-------- Data section --------

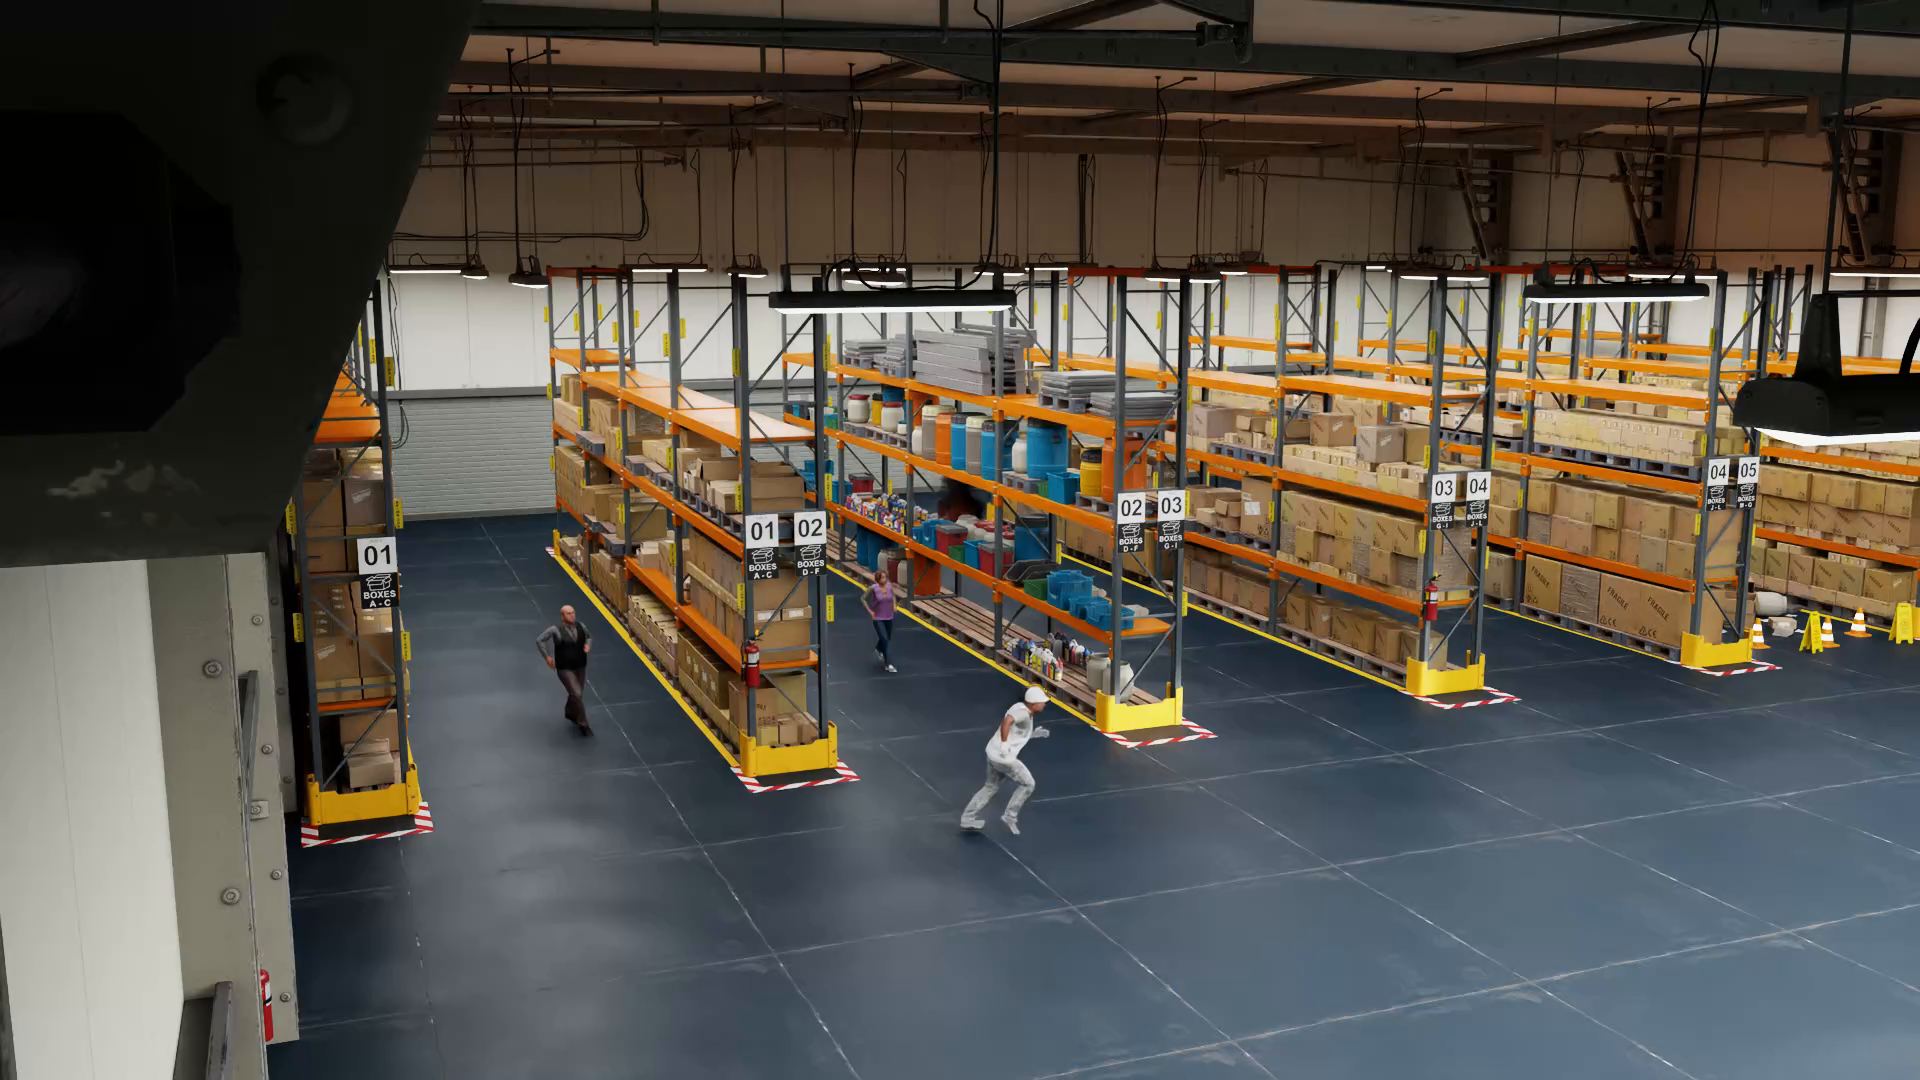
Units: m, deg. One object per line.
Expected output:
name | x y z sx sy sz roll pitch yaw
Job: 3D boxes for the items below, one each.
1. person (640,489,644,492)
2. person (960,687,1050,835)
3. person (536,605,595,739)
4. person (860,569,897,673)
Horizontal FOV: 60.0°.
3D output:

--------

» What you should do: Leaving out the pictures, return the records exactly as given.

» Answer area:
Units: m, deg. One object per line.
Expected output:
name | x y z sx sy sz roll pitch yaw
Job: 3D boxes for the items below, one each.
1. person (640,489,644,492)
2. person (960,687,1050,835)
3. person (536,605,595,739)
4. person (860,569,897,673)
Horizontal FOV: 60.0°.
3D output:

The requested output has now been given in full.